Among the lines below, keep only those from the one containing "List them by" through the one containing "Reply with compact", and reproduce them exactly.

**DATASET RECORDS:**
----------

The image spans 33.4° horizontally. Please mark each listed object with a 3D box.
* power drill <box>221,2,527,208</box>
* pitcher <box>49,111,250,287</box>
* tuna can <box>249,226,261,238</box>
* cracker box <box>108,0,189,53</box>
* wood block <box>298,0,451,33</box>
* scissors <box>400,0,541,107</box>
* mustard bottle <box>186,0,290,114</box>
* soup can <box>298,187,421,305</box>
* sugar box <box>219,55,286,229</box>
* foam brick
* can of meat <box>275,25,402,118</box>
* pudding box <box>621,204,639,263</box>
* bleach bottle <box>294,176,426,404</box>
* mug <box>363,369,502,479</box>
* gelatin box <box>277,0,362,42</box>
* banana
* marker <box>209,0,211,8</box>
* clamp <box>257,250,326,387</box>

----------

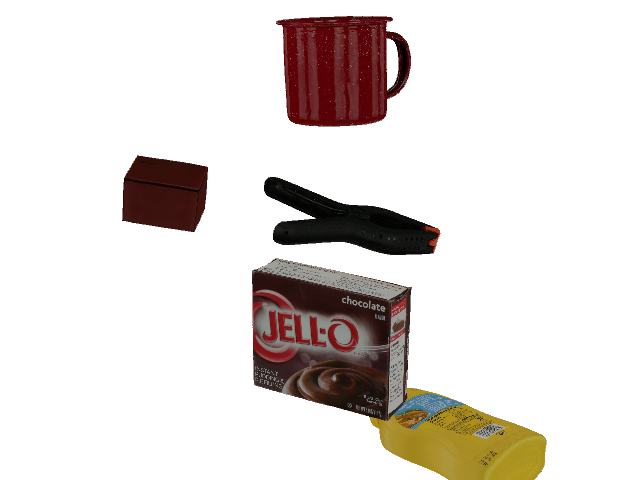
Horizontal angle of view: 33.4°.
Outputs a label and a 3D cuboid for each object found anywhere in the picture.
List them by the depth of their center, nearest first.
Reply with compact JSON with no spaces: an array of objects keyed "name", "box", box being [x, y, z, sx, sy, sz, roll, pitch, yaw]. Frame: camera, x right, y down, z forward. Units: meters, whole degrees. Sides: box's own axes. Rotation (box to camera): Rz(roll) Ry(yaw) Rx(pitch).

----------

**EXERCISE RESPONSE:**
List them by the depth of their center, nearest first.
Reply with compact JSON with no spaces: an array of objects keyed "name", "box", box being [x, y, z, sx, sy, sz, roll, pitch, yaw]. Frame: camera, x right, y down, z forward. Units: meters, whole degrees. Sides: box's own axes. Rotation (box to camera): Rz(roll) Ry(yaw) Rx(pitch).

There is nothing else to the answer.